(Collected data entries)

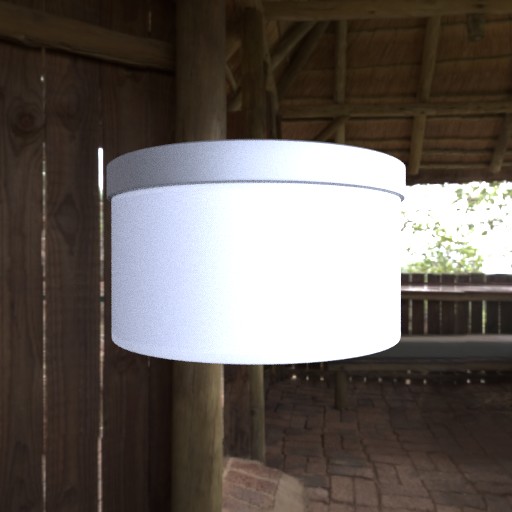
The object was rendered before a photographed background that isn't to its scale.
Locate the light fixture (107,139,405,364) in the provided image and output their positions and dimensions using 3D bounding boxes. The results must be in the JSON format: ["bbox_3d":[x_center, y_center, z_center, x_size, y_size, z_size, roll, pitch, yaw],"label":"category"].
[{"bbox_3d":[0.000,0.000,0.616,0.393,0.229,0.393,0,0,0],"label":"light fixture"}]
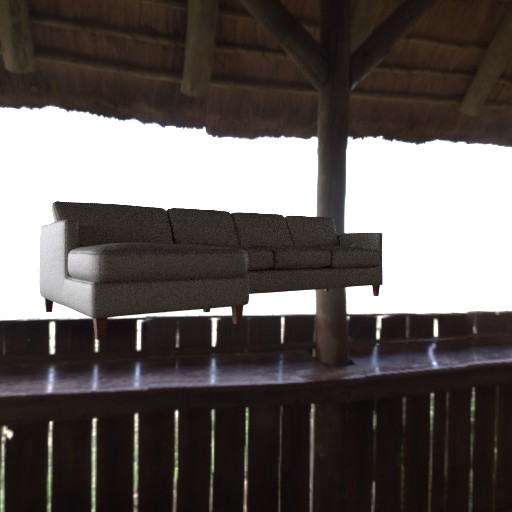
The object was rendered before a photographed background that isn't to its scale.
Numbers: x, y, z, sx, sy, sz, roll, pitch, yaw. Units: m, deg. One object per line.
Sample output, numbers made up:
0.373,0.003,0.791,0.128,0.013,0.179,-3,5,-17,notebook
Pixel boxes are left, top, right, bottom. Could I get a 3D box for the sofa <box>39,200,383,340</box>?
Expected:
0.000,0.000,3.828,3.201,0.876,1.502,0,1,-36,sofa
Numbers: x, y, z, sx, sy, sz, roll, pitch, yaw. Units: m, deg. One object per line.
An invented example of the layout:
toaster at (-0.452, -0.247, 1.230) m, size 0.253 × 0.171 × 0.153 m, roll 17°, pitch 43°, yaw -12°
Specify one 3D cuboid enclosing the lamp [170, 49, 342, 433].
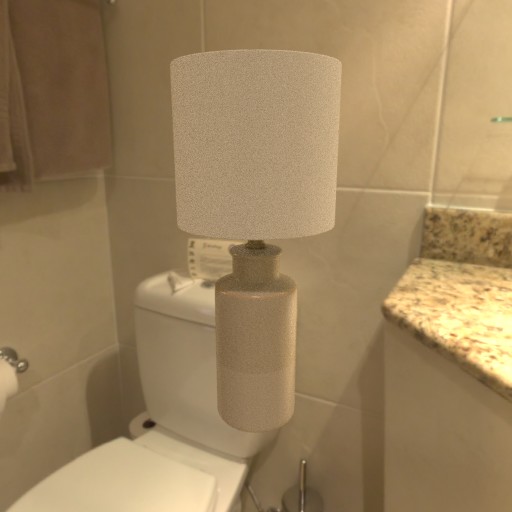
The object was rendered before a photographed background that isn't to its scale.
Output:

→ EXERCISE GOAL
Return exactly the lines from the one with "Specify one 3D" through the last line of the entries above, both ends included. No pictures may appear in the copy.

→ SOLUTION
Specify one 3D cuboid enclosing the lamp [170, 49, 342, 433].
The object was rendered before a photographed background that isn't to its scale.
Output:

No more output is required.